Light-induced synchronization of the SCN coupled oscillators and implications for entraining the HPA axis.

The suprachiasmatic nucleus (SCN) synchronizes the physiological rhythms to the external light-dark cycle and tunes the dynamics of circadian rhythms to photoperiod fluctuations. Changes in the neuronal network topologies are suggested to cause adaptation of the SCN in different photoperiods, resulting in the broader phase distribution of neuron activities in long photoperiods (LP) compared to short photoperiods (SP). Regulated by the SCN output, the level of glucocorticoids is elevated in short photoperiod, which is associated with peak disease incidence. The underlying coupling mechanisms of the SCN and the interplay between the SCN and the HPA axis have yet to be fully elucidated. In this work, we propose a mathematical model including a multiple-cellular SCN compartment and the HPA axis to investigate the properties of the circadian timing system under photoperiod changes. Our model predicts that the probability-dependent network is more energy-efficient than the distance-dependent network. Coupling the SCN network by intra-subpopulation and inter-subpopulation forces, we identified the negative correlation between robustness and plasticity of the oscillatory network. The HPA rhythms were predicted to be strongly entrained to the SCN rhythms with a pro-inflammatory high-amplitude glucocorticoid profile under SP. The fast temporal topology switch of the SCN network was predicted to enhance synchronization when the synchronization is not complete. These synchronization and circadian dynamics alterations might govern the seasonal variation of disease incidence and its symptom severity.

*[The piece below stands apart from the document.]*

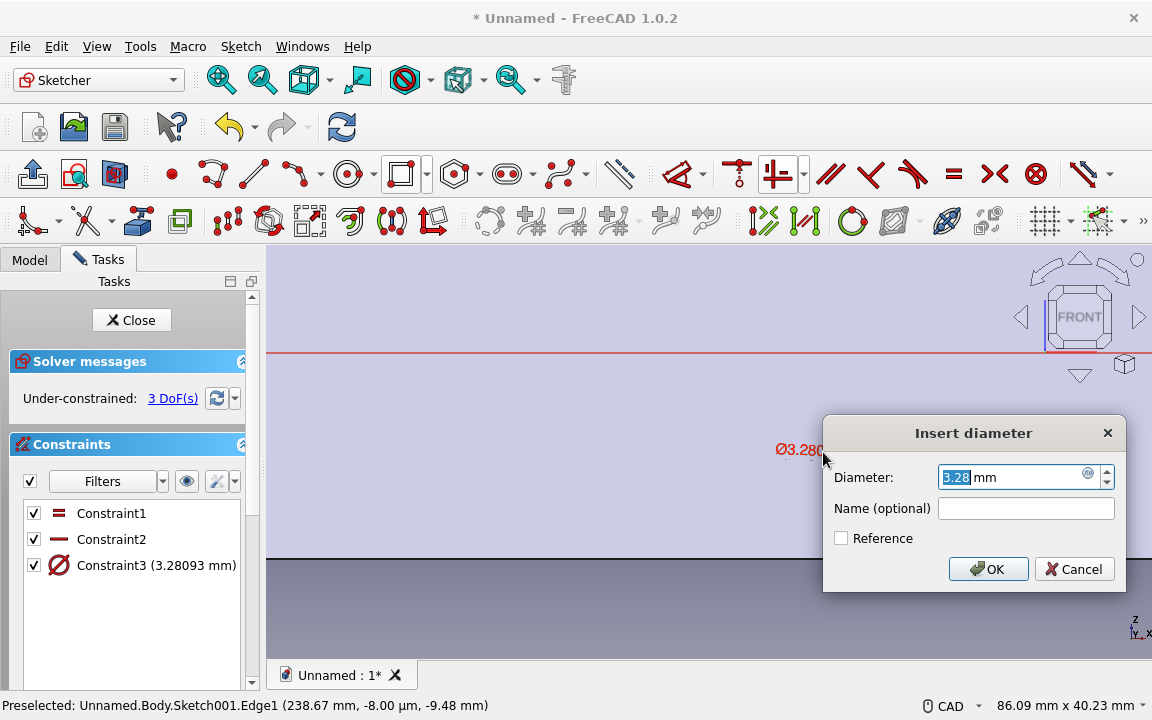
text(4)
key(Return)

Light entrainment of the SCN circadian clock and implications for personalized alterations of corticosterone rhythms in shift work and jet lag.

The suprachiasmatic nucleus (SCN) functions as the central pacemaker aligning physiological and behavioral oscillations to day/night (activity/inactivity) transitions. The light signal entrains the molecular clock of the photo-sensitive ventrolateral (VL) core of the SCN which in turn entrains the dorsomedial (DM) shell via the neurotransmitter vasoactive intestinal polypeptide (VIP). The shell converts the VIP rhythmic signals to circadian oscillations of arginine vasopressin (AVP), which eventually act as a neurotransmitter signal entraining the hypothalamic-pituitary-adrenal (HPA) axis, leading to robust circadian secretion of glucocorticoids. In this work, we discuss a semi-mechanistic mathematical model that reflects the essential hierarchical structure of the photic signal transduction from the SCN to the HPA axis. By incorporating the interactions across the core, the shell, and the HPA axis, we investigate how these coupled systems synchronize leading to robust circadian oscillations. Our model predicts the existence of personalized synchronization strategies that enable the maintenance of homeostatic rhythms while allowing for differential responses to transient and permanent light schedule changes. We simulated different behavioral situations leading to perturbed rhythmicity, performed a detailed computational analysis of the dynamic response of the system under varying light schedules, and determined that (1) significant interindividual diversity and flexibility characterize adaptation to varying light schedules; (2) an individual's tolerances to jet lag and alternating shift work are positively correlated, while the tolerances to jet lag and transient shift work are negatively correlated, which indicates trade-offs in an individual's ability to maintain physiological rhythmicity; (3) weak light sensitivity leads to the reduction of circadian flexibility, implying that light therapy can be a potential approach to address shift work and jet lag related disorders. Finally, we developed a map of the impact of the synchronization within the SCN and between the SCN and the HPA axis as it relates to the emergence of circadian flexibility.